Most of the fortunetellers rely on the cards, charts, intuition and balderdash that are the basic tools of their trade. Only a few have Ms. Son Sam-Ath’s powers of trance and tongue, and they are highly prized.
Hers is a ritual as old as superstition and as widespread as the world of ghosts that blankets Southeast Asia, invisible only to those who cannot see them.
Summoning the spirits, Ms. Son Sam-Ath lights sticks of incense and the sweet smoke curls in front of her face. She chants quietly in an unknown tongue. Her eyes roll up. Her soul flies away, and she is empty.
Then, as if through the hum of a long-distance cable, the voices come to her and she begins to speak. The timbre is not her own and the words are foreign to her — perhaps Thai or Arabic or Pali, she says, or perhaps words with no earthly meaning at all.
If a client needs urgent help or if, for example, he is visiting the United States or Australia, she can also work her magic over the telephone, passing on the words of the spirits as if forwarding a call. The cost is $2.50, the same as for a personal visit.
”It’s as if someone has opened a book in front of my eyes,” she said, describing a sort of dizziness that seizes her, ”and I just read them out, whatever language they are in.”
That is all the more mysterious, she said, because she cannot read or write, even in her native language, Khmer.
Lounging like an odalisque on her divan, her hair crimped and reddened by the mysterious arts of her cosmetologist, she beckons with a smile as strings of colored Christmas lights flash and twinkle from an altar behind her.
If her altar represents the other world, it is a cluttered and eclectic place, all leaping Ramayana monkeys and Buddhas with holographic halos, pot-bellied laughing gods and bearded porcelain sages, plaster horses, multitiered gold parasols, bowls of bananas, fluttering candles, incense and, for prosperity — and just in case all else fails — a plaster Japanese Beckoning Cat with an endlessly waving arm.
There was no sign when she was young that Ms. Son Sam-Ath was special. Indeed, she shared the horrifying childhood of her contemporaries, working in a Khmer Rouge labor brigade while as much as one fourth of the population died between 1975 and 1979.
But the spirits, it seems, had been watching her since she was 12 years old, waiting for their moment. This in any case is what they told her.

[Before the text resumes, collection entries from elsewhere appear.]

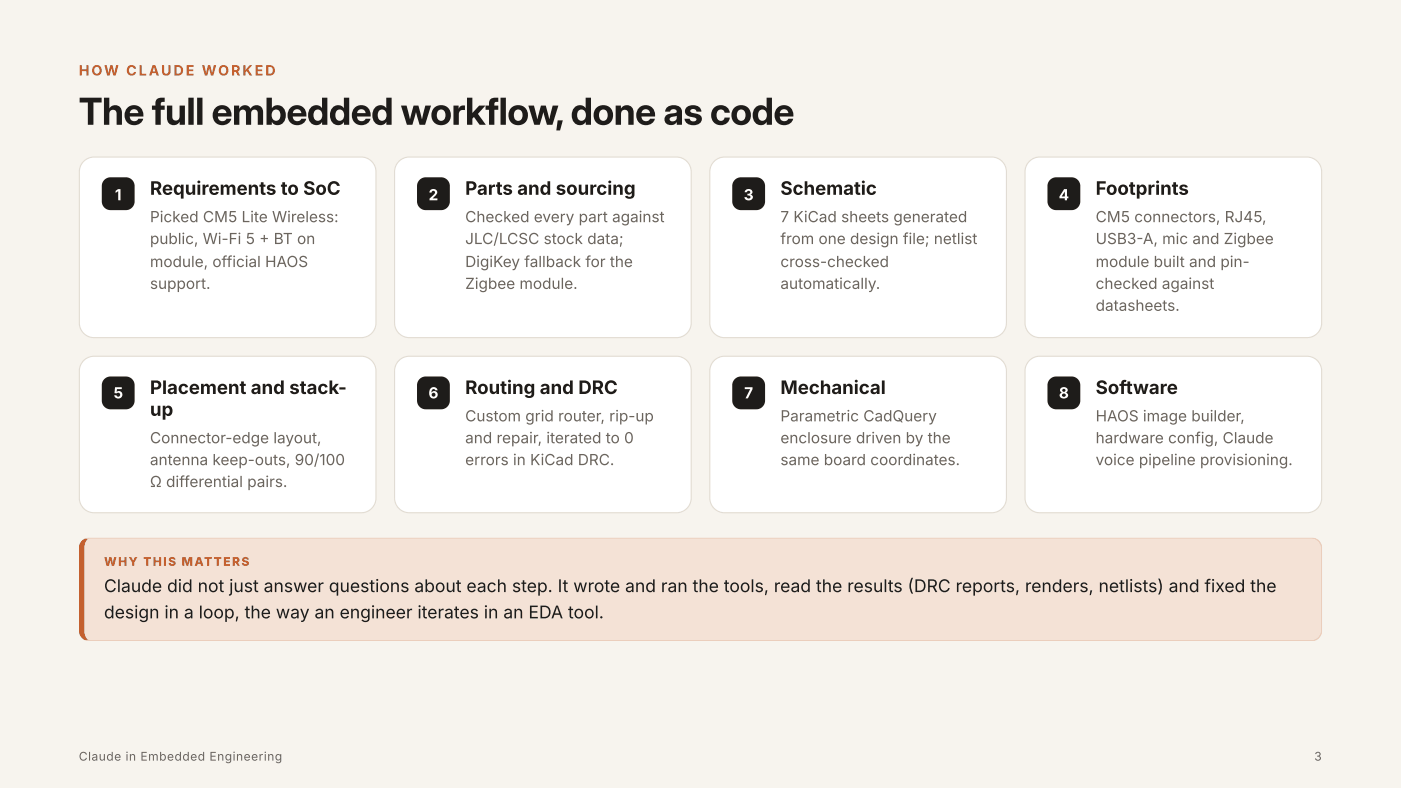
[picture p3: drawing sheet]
<svg xmlns="http://www.w3.org/2000/svg" width="339mm" height="190mm" viewBox="0 0 339 190" stroke-linecap="round" stroke-linejoin="round" font-family="sans-serif">
<defs><g id="words">
<text font-size="9" fill="#1e1c1a" x="19" y="30.2">The full embedded workflow,done as code</text>
<g font-size="4.5" fill="#1e1c1a">
<text x="36.2" y="47.1">Requirements to SoC</text>
<text x="112.4" y="47.1">Parts and sourcing</text>
<text x="188.6" y="47.1">Schematic</text>
<text x="264.8" y="47.1">Footprints</text>
<text x="36.2" y="95.2">Placement and stack-</text>
<text x="112.4" y="95.2">Routing and DRC</text>
<text x="188.6" y="95.2">Mechanical</text>
<text x="264.8" y="95.2">Software</text>
<text x="36.2" y="100.5">up</text>
</g>
<g font-size="4.2" fill="#1e1c1a">
<text x="25.1" y="143.1">Claude did not just answer questions about each step. It wrote and ran the tools, read the results (DRC reports, renders, netlists) and fixed the</text>
<text x="25.1" y="149.5">design in a loop, the way an engineer iterates in an EDA tool.</text>
</g>
<g font-size="3.7" fill="#fff">
<text x="27.8" y="48.4">1</text>
<text x="103.6" y="48.4">2</text>
<text x="179.8" y="48.4">3</text>
<text x="255.9" y="48.4">4</text>
<text x="27.4" y="96.3">5</text>
<text x="103.6" y="96.3">6</text>
<text x="179.9" y="96.3">7</text>
<text x="256" y="96.3">8</text>
</g>
<g font-size="3.7" fill="#6b655e">
<text x="36.2" y="53.7">Picked CM5 Lite Wireless:</text>
<text x="112.4" y="53.7">Checked every part against</text>
<text x="188.6" y="53.7">7 KiCad sheets generated</text>
<text x="264.8" y="53.7">CM5 connectors, RJ45,</text>
<text x="36.2" y="59">public, Wi-Fi 5 + BT on</text>
<text x="112.4" y="59">JLC/LCSC stock data;</text>
<text x="188.6" y="59">from one design file; netlist</text>
<text x="264.8" y="59">USB3-A, mic and Zigbee</text>
<text x="36.2" y="64.6">module, official HAOS</text>
<text x="112.4" y="64.6">DigiKey fallback for the</text>
<text x="188.6" y="64.6">cross-checked</text>
<text x="264.8" y="64.6">module built and pin-</text>
<text x="36.2" y="69.8">support.</text>
<text x="112.4" y="69.8">Zigbee module.</text>
<text x="188.6" y="69.8">automatically.</text>
<text x="264.8" y="69.8">checked against</text>
<text x="264.8" y="75.1">datasheets.</text>
<text x="112.4" y="101.9">Custom grid router, rip-up</text>
<text x="188.6" y="101.9">Parametric CadQuery</text>
<text x="264.8" y="101.9">HAOS image builder,</text>
<text x="36.2" y="107.2">Connector-edge layout,</text>
<text x="112.4" y="107.2">and repair, iterated to 0</text>
<text x="188.6" y="107.2">enclosure driven by the</text>
<text x="264.8" y="107.2">hardware config, Claude</text>
<text x="36.2" y="112.4">antenna keep-outs, 90/100</text>
<text x="112.4" y="112.4">errors in KiCad DRC.</text>
<text x="188.6" y="112.4">same board coordinates.</text>
<text x="264.8" y="112.4">voice pipeline provisioning.</text>
<text x="36.2" y="117.7">Ω differential pairs.</text>
</g>
<text font-size="3.4" fill="#c4602f" x="19" y="18.3">HOW CLAUDE WORKED</text>
<text font-size="2.9" fill="#c4602f" x="25.1" y="136.8">WHY THIS MATTERS</text>
<g font-size="2.9" fill="#6b655e">
<text x="19" y="183.9">Claude in Embedded Engineering</text>
<text x="317.7" y="183.9">3</text>
</g>
</g></defs>
<path d="M0 0h338.7v190.5h-338.7z" fill="#f7f4ee"/>
<path d="M20.4 130.6l.7-.4 .6-.2h295.3a2.51 2.51 0 0 1 2.5 2.6v19.8a2.51 2.51 0 0 1-2.5 2.5h-295.3a2.35 2.35 0 0 1-2-2.5v-20l.2-1z" fill="#f4e2d6"/>
<g fill="#e9c7b2">
<path d="M19 129.9h300.6v1.5h-300.6z"/>
<path d="M19 153.5h300.6v1.5h-300.6z"/>
<path d="M318.1 129.9h1.5v25.1h-1.5z"/>
</g>
<path d="M19 129.9h2.6v25.1h-2.6z" fill="#c4602f"/>
<path d="M20.2 39l1.2-.8 1.4-.2h64.5a3.6 3.6 0 0 1 3.6 3.5v36.6a3.6 3.6 0 0 1-3.6 3.5h-64.5a3.6 3.6 0 0 1-3.6-3.5v-36.6l.3-1.3z" fill="#fff"/>
<path d="M20.2 39l1.2-.8 1.4-.2h64.5a3.6 3.6 0 0 1 3.6 3.5v36.6a3.6 3.6 0 0 1-3.6 3.5h-64.5a3.6 3.6 0 0 1-3.6-3.5v-36.6l.3-1.3z" fill="none" stroke="#e2dcd2" stroke-width=".26"/>
<path d="M25.2 43.5l.5-.4 .8-.2h3.9a2.12 2.12 0 0 1 2.1 2.1v3.7a2.12 2.12 0 0 1-2.1 2.1h-3.7a2.12 2.12 0 0 1-2.1-2.1v-3.9l.3-.8z" fill="#1e1c1a"/>
<path d="M96.4 39l1.2-.8 1.4-.2h64.5a3.6 3.6 0 0 1 3.6 3.5v36.6a3.6 3.6 0 0 1-3.6 3.5h-64.5a3.6 3.6 0 0 1-3.6-3.5v-36.6l.3-1.3z" fill="#fff"/>
<path d="M96.4 39l1.2-.8 1.4-.2h64.5a3.6 3.6 0 0 1 3.6 3.5v36.6a3.6 3.6 0 0 1-3.6 3.5h-64.5a3.6 3.6 0 0 1-3.6-3.5v-36.6l.3-1.3z" fill="none" stroke="#e2dcd2" stroke-width=".26"/>
<path d="M101.4 43.5l.5-.4 .8-.2h3.9a2.12 2.12 0 0 1 2.1 2.1v3.7a2.12 2.12 0 0 1-2.1 2.1h-3.7a2.12 2.12 0 0 1-2.1-2.1v-3.9l.3-.8z" fill="#1e1c1a"/>
<path d="M172.6 39l1.2-.8 1.4-.2h64.5a3.6 3.6 0 0 1 3.6 3.5v36.6a3.6 3.6 0 0 1-3.6 3.5h-64.5a3.6 3.6 0 0 1-3.6-3.5v-36.6l.3-1.3z" fill="#fff"/>
<path d="M172.6 39l1.2-.8 1.4-.2h64.5a3.6 3.6 0 0 1 3.6 3.5v36.6a3.6 3.6 0 0 1-3.6 3.5h-64.5a3.6 3.6 0 0 1-3.6-3.5v-36.6l.3-1.3z" fill="none" stroke="#e2dcd2" stroke-width=".26"/>
<path d="M177.6 43.5l.5-.4 .8-.2h3.9a2.12 2.12 0 0 1 2.1 2.1v3.7a2.12 2.12 0 0 1-2.1 2.1h-3.7a2.12 2.12 0 0 1-2.1-2.1v-3.9l.3-.8z" fill="#1e1c1a"/>
<path d="M248.8 39l1.2-.8 1.4-.2h64.5a3.6 3.6 0 0 1 3.6 3.5v36.6a3.6 3.6 0 0 1-3.6 3.5h-64.5a3.6 3.6 0 0 1-3.6-3.5v-36.6l.3-1.3z" fill="#fff"/>
<path d="M248.8 39l1.2-.8 1.4-.2h64.5a3.6 3.6 0 0 1 3.6 3.5v36.6a3.6 3.6 0 0 1-3.6 3.5h-64.5a3.6 3.6 0 0 1-3.6-3.5v-36.6l.3-1.3z" fill="none" stroke="#e2dcd2" stroke-width=".26"/>
<path d="M253.8 43.5l.5-.4 .8-.2h3.9a2.12 2.12 0 0 1 2.1 2.1v3.7a2.12 2.12 0 0 1-2.1 2.1h-3.7a2.12 2.12 0 0 1-2.1-2.1v-3.9l.3-.8z" fill="#1e1c1a"/>
<path d="M20.2 87.2l1.2-.8 1.4-.3h64.5a3.6 3.6 0 0 1 3.6 3.6v30.7a3.6 3.6 0 0 1-3.6 3.6h-64.5a3.6 3.6 0 0 1-3.6-3.6v-30.7l.3-1.4z" fill="#fff"/>
<path d="M20.2 87.2l1.2-.8 1.4-.3h64.5a3.6 3.6 0 0 1 3.6 3.6v30.7a3.6 3.6 0 0 1-3.6 3.6h-64.5a3.6 3.6 0 0 1-3.6-3.6v-30.7l.3-1.4z" fill="none" stroke="#e2dcd2" stroke-width=".26"/>
<path d="M25.2 91.6l.5-.3 .8-.3h3.9a2.12 2.12 0 0 1 2.1 2.1v3.7a2.12 2.12 0 0 1-2.1 2.2h-3.7a2.12 2.12 0 0 1-2.1-2.2v-3.9l.3-.8z" fill="#1e1c1a"/>
<path d="M96.4 87.2l1.2-.8 1.4-.3h64.5a3.6 3.6 0 0 1 3.6 3.6v30.7a3.6 3.6 0 0 1-3.6 3.6h-64.5a3.6 3.6 0 0 1-3.6-3.6v-30.7l.3-1.4z" fill="#fff"/>
<path d="M96.4 87.2l1.2-.8 1.4-.3h64.5a3.6 3.6 0 0 1 3.6 3.6v30.7a3.6 3.6 0 0 1-3.6 3.6h-64.5a3.6 3.6 0 0 1-3.6-3.6v-30.7l.3-1.4z" fill="none" stroke="#e2dcd2" stroke-width=".26"/>
<path d="M101.4 91.6l.5-.3 .8-.3h3.9a2.12 2.12 0 0 1 2.1 2.1v3.7a2.12 2.12 0 0 1-2.1 2.2h-3.7a2.12 2.12 0 0 1-2.1-2.2v-3.9l.3-.8z" fill="#1e1c1a"/>
<path d="M172.6 87.2l1.2-.8 1.4-.3h64.5a3.6 3.6 0 0 1 3.6 3.6v30.7a3.6 3.6 0 0 1-3.6 3.6h-64.5a3.6 3.6 0 0 1-3.6-3.6v-30.7l.3-1.4z" fill="#fff"/>
<path d="M172.6 87.2l1.2-.8 1.4-.3h64.5a3.6 3.6 0 0 1 3.6 3.6v30.7a3.6 3.6 0 0 1-3.6 3.6h-64.5a3.6 3.6 0 0 1-3.6-3.6v-30.7l.3-1.4z" fill="none" stroke="#e2dcd2" stroke-width=".26"/>
<path d="M177.6 91.6l.5-.3 .8-.3h3.9a2.12 2.12 0 0 1 2.1 2.1v3.7a2.12 2.12 0 0 1-2.1 2.2h-3.7a2.12 2.12 0 0 1-2.1-2.2v-3.9l.3-.8z" fill="#1e1c1a"/>
<path d="M248.8 87.2l1.2-.8 1.4-.3h64.5a3.6 3.6 0 0 1 3.6 3.6v30.7a3.6 3.6 0 0 1-3.6 3.6h-64.5a3.6 3.6 0 0 1-3.6-3.6v-30.7l.3-1.4z" fill="#fff"/>
<path d="M248.8 87.2l1.2-.8 1.4-.3h64.5a3.6 3.6 0 0 1 3.6 3.6v30.7a3.6 3.6 0 0 1-3.6 3.6h-64.5a3.6 3.6 0 0 1-3.6-3.6v-30.7l.3-1.4z" fill="none" stroke="#e2dcd2" stroke-width=".26"/>
<path d="M253.8 91.6l.5-.3 .8-.3h3.9a2.12 2.12 0 0 1 2.1 2.1v3.7a2.12 2.12 0 0 1-2.1 2.2h-3.7a2.12 2.12 0 0 1-2.1-2.2v-3.9l.3-.8z" fill="#1e1c1a"/>
<use href="#words"/>
</svg>

They seized her unexpectedly 18 years ago when she fell ill. A traditional healer was painting her body with magic herbs when suddenly, she said, she cried out and slapped him.
After that, sometimes to her discomfort, she began seeing beneath the surface of things. When a child was ill, she could tell the cure. When husband and wife were quarrelling, she could tell them their fate, for better or for worse. The spirits found her a handsome husband, another fortuneteller.
”This is my true life,” she said, swinging her feet. ”That was the beginning of my life as a fortuneteller.”
As she was speaking, her daughter, Son Sopharon, 22, arrived, bringing glasses of sweet iced coffee.
Ms. Son Sopharon is studying to be a hairdresser and as far as anybody can tell, she does not have the psychic powers of her mother.
”I don’t know anything about that,” she said, unimpressed by the visitations of the other world. ”I don’t know it and I don’t like it.”
Asked if her parents used their skills to guide her in her life she said, ”No. They don’t tell my fortune. But they still tell me to do this and do that.”
Her mother was understanding, as a fortuneteller must be.
”My son is a painter and my daughter is a hairdresser,” she said. ”That is fine. We all have different talents, different gifts, from the day we are born. We can’t force ourselves to be something that we are not.
”You must follow your gifts,” she said. ”Everyone can’t be a fortuneteller. If they were, there would be nobody left to do all the other things that have to be done.”